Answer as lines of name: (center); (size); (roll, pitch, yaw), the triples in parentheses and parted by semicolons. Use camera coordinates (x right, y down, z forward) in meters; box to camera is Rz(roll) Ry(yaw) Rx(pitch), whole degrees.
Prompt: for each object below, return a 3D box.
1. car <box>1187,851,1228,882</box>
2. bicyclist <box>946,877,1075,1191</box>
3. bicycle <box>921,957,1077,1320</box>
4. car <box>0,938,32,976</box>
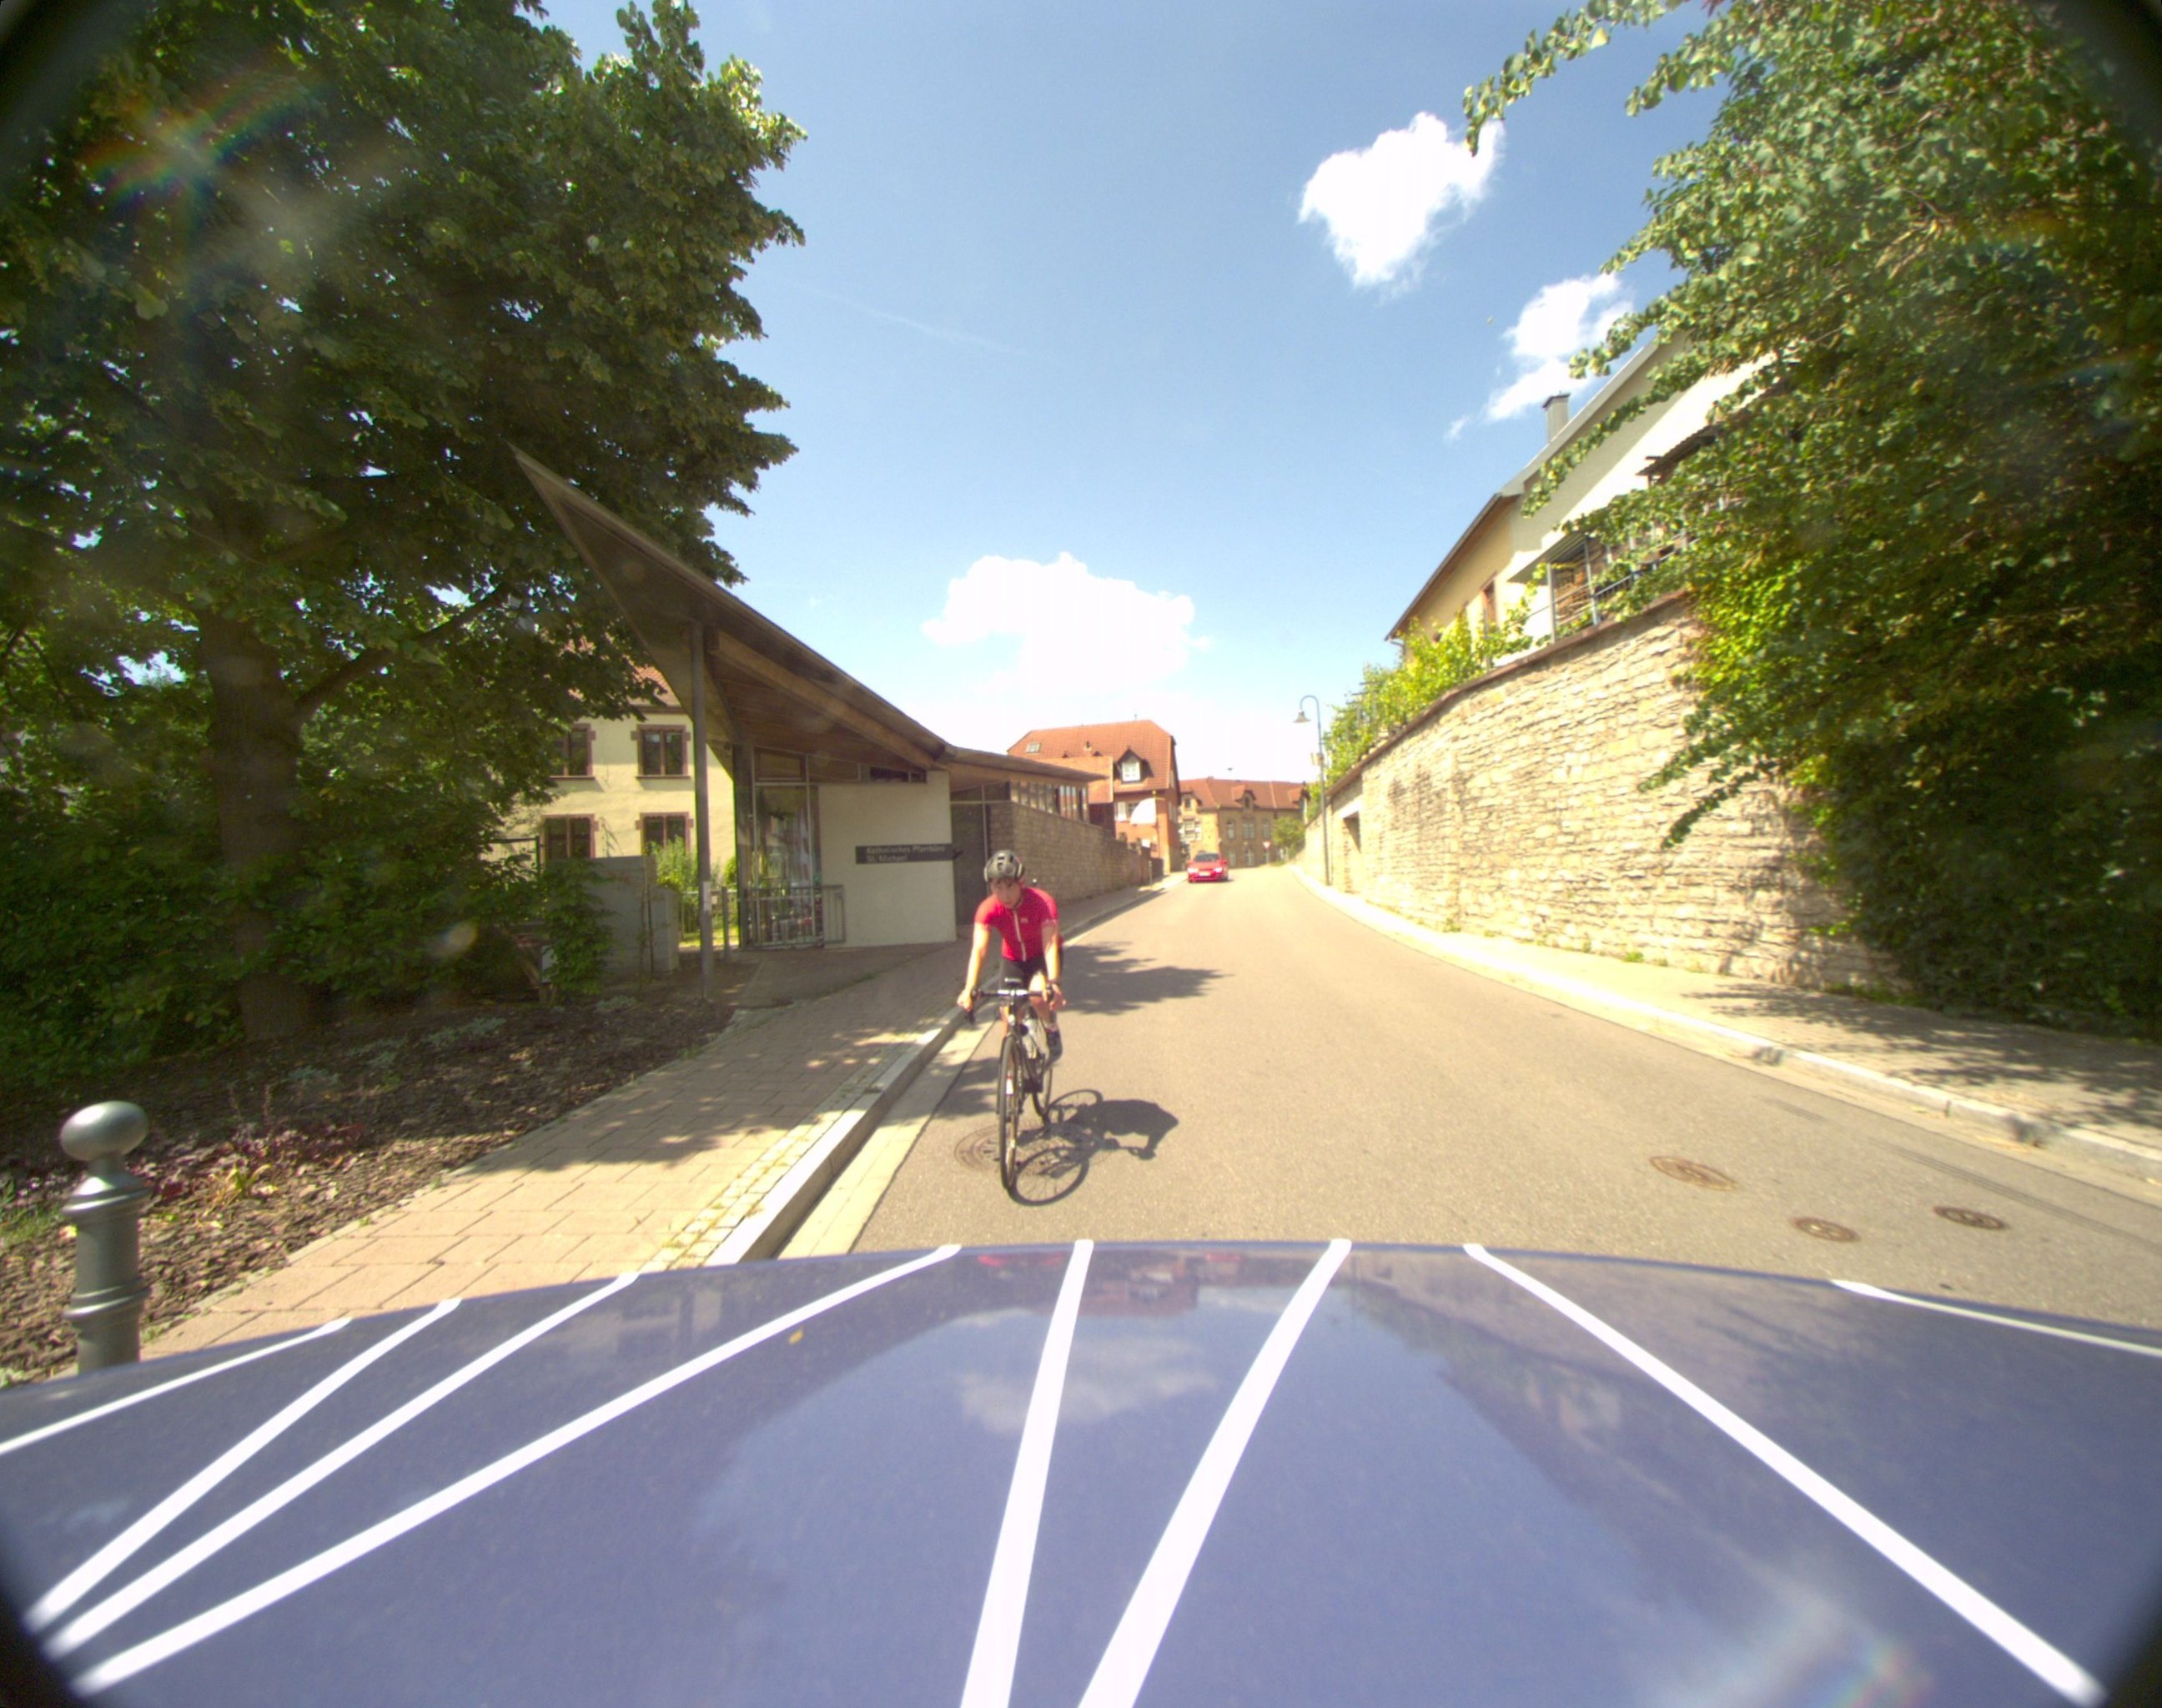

++++++

To do:
Only the lines from the one containing "3. bicycle <box>921,957,1077,1320</box>" through the last line of the records above should be repeated, exactly and without pictures.

Answer area:
3. bicycle <box>921,957,1077,1320</box>
4. car <box>0,938,32,976</box>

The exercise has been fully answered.